Gasmii, I said before that while Natalie Portman annoys the bejesus out of me for reasons unknown, I’ll think she’ll take Oscar gold over Annette Benning. Here’s why:
1. Age/Relevance. Natalie is the younger, new thing in Hollywood, not to mention drop dead gorgeous. She is campaigning the shit out of this movie and she wants it bad. She even went so far as to bang the choreographer, get pregnant, AND engaged all right before the serious campaigning took off. So now we are going to have an adorable Natalie Portman with child on the red carpet. Annette Bening is Hollywood royalty in her marriage to Warren Beatty and multiple Oscar nods but let’s be honest. Most people are going to be looking for Ms. Natalie on the red carpet over Annette. In the 2000′s, past Best Actress winners have included Julia Roberts, Halle Berry, Charlize Theron, Reese Witherspoon, Nicole Kidman, Sandra Bullock, Hillary Swank, Kate Winslet, Marion Cotillard, and Helen Mirren. While all are lovely in their own right, and while I think Annette is quite attractive as well, the hat has often tipped in the direction of the screen siren over the more seasoned, possibly more deserving winner. (See Meryl Streep, Ellen Burstyn, Meryl Streep, Laura Linney, and Meryl Streep as women who know what it means to lose when they probably should have won.)
2. Timing. The Kids Are All Right came out months ago and is already out on DVD. While the timing of the DVD is still pretty good in terms of people viewing loving the performances, Black Swan is hitting theaters right when it needs to in order to make a splash. Also, it has been buzzed about for so long that people like me have been chomping at the bits to go see it. Natalie’s performance is fresher in the minds of many and that could work in her favor. Not only that, but there is a possibility that some of the older fuddy duddies who vote for this type of thing might be less willing to embrace the subject matter of The Kids Are All Right over a crazy ballerina. Hopefully this isn’t the case but some still insist on keeping their head buried in the sand.
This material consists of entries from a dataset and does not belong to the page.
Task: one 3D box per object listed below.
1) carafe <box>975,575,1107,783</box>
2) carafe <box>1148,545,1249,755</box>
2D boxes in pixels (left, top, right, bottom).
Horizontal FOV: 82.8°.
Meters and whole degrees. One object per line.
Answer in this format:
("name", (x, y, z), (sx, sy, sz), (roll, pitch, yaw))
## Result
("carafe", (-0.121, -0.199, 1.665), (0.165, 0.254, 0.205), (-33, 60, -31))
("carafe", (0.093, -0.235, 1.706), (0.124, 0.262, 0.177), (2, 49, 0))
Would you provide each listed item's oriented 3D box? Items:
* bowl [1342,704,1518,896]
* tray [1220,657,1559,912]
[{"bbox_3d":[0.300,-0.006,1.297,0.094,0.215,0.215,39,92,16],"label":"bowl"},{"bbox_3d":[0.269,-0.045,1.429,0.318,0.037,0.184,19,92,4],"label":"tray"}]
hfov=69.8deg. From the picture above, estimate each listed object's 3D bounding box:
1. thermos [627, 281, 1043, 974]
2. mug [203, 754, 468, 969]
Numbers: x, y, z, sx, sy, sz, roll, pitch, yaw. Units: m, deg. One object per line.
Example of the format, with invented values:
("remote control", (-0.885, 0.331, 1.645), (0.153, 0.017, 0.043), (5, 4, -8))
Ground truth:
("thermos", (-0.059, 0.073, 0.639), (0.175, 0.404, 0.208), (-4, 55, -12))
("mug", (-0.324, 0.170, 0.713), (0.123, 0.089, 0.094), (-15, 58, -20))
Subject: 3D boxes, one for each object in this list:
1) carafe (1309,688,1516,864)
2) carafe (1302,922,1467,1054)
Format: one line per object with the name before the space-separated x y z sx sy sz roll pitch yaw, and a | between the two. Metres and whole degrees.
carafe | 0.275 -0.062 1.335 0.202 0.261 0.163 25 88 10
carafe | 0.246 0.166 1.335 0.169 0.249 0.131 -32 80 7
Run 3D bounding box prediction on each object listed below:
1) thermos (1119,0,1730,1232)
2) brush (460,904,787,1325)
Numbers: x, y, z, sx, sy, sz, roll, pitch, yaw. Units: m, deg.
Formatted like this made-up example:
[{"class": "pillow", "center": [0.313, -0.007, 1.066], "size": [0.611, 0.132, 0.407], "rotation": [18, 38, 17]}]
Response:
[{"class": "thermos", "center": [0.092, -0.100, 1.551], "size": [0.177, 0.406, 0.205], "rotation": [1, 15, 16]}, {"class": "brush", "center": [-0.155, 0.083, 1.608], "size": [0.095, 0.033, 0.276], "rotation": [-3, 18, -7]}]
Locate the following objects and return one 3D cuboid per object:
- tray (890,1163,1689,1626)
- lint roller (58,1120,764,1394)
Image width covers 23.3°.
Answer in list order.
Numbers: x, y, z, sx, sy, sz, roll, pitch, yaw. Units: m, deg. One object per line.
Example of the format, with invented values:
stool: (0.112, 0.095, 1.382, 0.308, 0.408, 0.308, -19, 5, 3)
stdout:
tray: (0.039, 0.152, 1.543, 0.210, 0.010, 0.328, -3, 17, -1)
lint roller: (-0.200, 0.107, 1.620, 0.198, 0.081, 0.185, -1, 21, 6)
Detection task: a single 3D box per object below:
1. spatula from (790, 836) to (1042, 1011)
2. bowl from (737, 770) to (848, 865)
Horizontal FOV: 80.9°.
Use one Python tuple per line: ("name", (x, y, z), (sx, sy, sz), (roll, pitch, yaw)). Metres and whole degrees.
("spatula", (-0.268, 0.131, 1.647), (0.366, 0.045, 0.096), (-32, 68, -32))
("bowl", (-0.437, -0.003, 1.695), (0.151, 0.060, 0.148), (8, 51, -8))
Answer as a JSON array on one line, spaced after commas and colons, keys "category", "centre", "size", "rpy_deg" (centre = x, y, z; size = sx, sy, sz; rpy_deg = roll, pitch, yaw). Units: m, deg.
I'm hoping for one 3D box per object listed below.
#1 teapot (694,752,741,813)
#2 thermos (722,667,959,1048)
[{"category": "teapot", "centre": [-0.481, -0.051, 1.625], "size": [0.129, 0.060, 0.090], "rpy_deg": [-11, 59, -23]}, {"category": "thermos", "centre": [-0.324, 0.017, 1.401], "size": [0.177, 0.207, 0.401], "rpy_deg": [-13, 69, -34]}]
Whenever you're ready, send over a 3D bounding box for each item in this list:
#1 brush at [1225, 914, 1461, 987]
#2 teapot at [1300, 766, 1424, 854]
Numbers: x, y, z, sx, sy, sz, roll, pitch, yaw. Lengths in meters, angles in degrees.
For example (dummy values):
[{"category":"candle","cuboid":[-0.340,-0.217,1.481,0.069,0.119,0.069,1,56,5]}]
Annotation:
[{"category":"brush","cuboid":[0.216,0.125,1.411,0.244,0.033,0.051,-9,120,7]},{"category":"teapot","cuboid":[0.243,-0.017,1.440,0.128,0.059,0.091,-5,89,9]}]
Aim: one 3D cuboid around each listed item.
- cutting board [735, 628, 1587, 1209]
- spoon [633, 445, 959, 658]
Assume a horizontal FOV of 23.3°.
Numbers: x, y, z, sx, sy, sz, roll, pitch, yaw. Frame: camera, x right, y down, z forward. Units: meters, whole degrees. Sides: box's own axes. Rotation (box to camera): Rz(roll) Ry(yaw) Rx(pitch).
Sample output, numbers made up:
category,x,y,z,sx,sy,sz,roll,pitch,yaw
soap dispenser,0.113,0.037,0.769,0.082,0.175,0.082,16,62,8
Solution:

This is by no means meant to be a Natalie Portman vehicle in terms of supporting her Oscar bid. I personally think Annette is long overdue and should have won for American Beauty but no one could deny Hillary Swank’s boyish good looks in 1999. It’s still hard to say who is destined for glory this year as the Globe and SAG winners haven’t been yet announced but in the mean time, go see Black Swan in between New Years resolutioning and ice scraping your windshield.